I did feel gulty when Olly finally put his Citroen up for sale. But it was over thirty years old, and it had got to the stage that if it started first time, Olly would do a fist-pump with joy. The funny thing was that it attracted a lot of attention, and became involved in something of a bidding war. Olly was very pleased to tell me that confirmed its classic status. He had owned it for almost twelve years, and it sold for twice that he had paid for it.

We got a taxi to the Ford dealership next to the supermarkets. There was a bus, but it was a long walk to the trading estate from the bus stop. I liked a Focus that was an ex-demonstrator, top of the range model. Olly had to admit that the otherwise dull-looking grey car was indeed packed with features that his Citroen could only dream of.
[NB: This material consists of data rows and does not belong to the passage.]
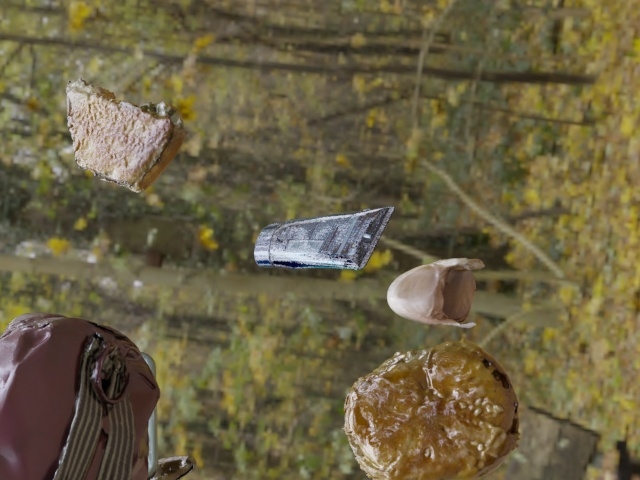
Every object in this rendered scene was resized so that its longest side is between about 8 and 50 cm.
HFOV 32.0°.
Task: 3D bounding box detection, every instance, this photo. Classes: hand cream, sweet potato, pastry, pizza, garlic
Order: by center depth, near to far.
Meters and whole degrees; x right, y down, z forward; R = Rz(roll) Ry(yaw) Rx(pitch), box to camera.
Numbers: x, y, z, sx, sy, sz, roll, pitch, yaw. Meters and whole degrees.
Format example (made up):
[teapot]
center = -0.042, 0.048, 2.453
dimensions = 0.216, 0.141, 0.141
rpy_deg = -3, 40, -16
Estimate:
[garlic]
center = 0.172, 0.080, 1.585
dimensions = 0.174, 0.124, 0.099
rpy_deg = 11, -108, -59
[pizza]
center = -0.315, -0.161, 1.747
dimensions = 0.147, 0.226, 0.069
rpy_deg = -70, -22, -5
[hand cream]
center = 0.000, 0.000, 1.796
dimensions = 0.061, 0.270, 0.120
rpy_deg = 46, -121, -29
[pastry]
center = 0.200, 0.312, 1.974
dimensions = 0.162, 0.310, 0.255
rpy_deg = 42, -141, -69
[sweet potato]
center = -0.311, 0.466, 2.110
dimensions = 0.233, 0.081, 0.062
rpy_deg = -56, 31, 37

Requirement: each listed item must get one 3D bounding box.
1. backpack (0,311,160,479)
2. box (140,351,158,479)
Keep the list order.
[backpack]
center = -0.287, 0.237, 1.179
dimensions = 0.283, 0.197, 0.317
rpy_deg = 35, -105, -40
[box]
center = -0.366, 0.327, 2.002
dimensions = 0.135, 0.163, 0.243
rpy_deg = 91, 173, -69

Heated windscreen, electric mirrors, reversing beeper, and air conditioning. And that was only the start. Built-in Satnav, amazing fuel economy, and a very quiet engine. I stood back and let him haggle with the salesman, and he was happy once the deal was done.

It would be sorted out for us to collect in a couple of days. On the way home, I asked Olly to add my name to the insurance. Although I had passed my test when I was eighteen, I hadn’t owned a car, and had no desire to ever drive Olly’s Citroen. But I was quite looking forward to running Leah around in the new Ford. When I told my parents, mum insisted on ordering a swish baby car seat that lifted out to become a carry-cot. Olly laughed at the news. “Bloody Ford Focus, and a baby seat in it too. Now I know it’s all over, Ang!”
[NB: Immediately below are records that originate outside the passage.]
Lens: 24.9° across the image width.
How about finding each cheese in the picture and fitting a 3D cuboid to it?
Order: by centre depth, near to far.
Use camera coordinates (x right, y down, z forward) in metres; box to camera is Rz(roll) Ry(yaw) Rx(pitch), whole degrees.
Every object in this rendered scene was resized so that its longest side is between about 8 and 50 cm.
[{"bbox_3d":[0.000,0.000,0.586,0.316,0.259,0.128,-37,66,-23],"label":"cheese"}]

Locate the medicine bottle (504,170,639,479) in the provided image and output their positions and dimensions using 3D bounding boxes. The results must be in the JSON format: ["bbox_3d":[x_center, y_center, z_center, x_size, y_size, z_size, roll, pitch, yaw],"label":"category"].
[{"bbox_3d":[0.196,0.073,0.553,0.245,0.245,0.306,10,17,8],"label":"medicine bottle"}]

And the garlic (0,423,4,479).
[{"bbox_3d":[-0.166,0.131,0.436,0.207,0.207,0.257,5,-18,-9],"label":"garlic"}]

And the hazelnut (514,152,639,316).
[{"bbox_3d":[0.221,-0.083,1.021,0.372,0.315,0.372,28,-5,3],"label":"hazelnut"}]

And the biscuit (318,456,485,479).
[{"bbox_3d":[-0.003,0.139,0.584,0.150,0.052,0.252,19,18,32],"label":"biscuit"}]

We had both kissed goodbye to the last vestiges of youth, that was certain.

The decorators that Olly found online were surprising efficient. In the first three days, they stripped off all the old wallpaper using some fierce-looking steam machines, and filled in all the holes caused by the rewiring. When they came back the following week, they started to paint the rooms using the colours we had chosen, and did the lot in ten days. Two coats.

I was even getting used to having to stand on the train journey to work. People don’t give up seats to pregnant women, even those with big bumps. They look at their phones or newspapers, and pretend they can’t see you. One night I got home with a bad backache. Olly sometimes got back later than me, so I decided to go and have a hot bath. As I got undressed, I noticed something in my knickers.

Tiny spots of blood.

23 thoughts on “My Bundle Of Joy: Part Seven

    1. If you travelled on trains around London, you would see many people being able to ignore pregnant women (and very old people) standing. I have to say that doesn’t happen where I live now, and I am regularly offered a seat, even though I am a spritely 68. 🙂
      Best wishes, Pete.

      Liked by 1 person

  1. (1) Replacing the windows cost a mint. A box of Junior Mints, with 72 pieces, costs $13.99. Even with tax, that’s less than 20¢ per mint. That glazing company works for cheap!
    (2) Angela began walking like a duck. But at least she felt like a sexy duck.
    (3a) “The far too big sofa went up on Gumtree.” Is there an American branch?
    (3b) Wasn’t there a film called “Elmer Gumtree” about a con man and a female evangelist who tried to sell religious junk in small-town America?
    (4) Every time Olly did a fist-pump with Joy, he pissed off his jealous wife, who protested: “She gets a fist-pump? I want a kissed bump!”
    (5) Citroëns do not dream of a heated windscreen, electric mirrors, reversing beeper, air conditioning, built-in Satnav, amazing fuel economy, or a quiet engine. They focus their dreams on sexy French drivers who wear short red skirts.
    (6) I went for shopping for a new stove, and settled on a top-of-the range model.
    (7) “Bloody Ford Focus…” Proof this was an ex-demonstrator model, as there’s still some blood to be found in it. I wonder if the driver who crashed it survived?
    (8) Angela thought those were “tiny spots of blood” in her knickers. Actually, she’d forgotten that she’d put on red polka dot panties that morning. #Whew!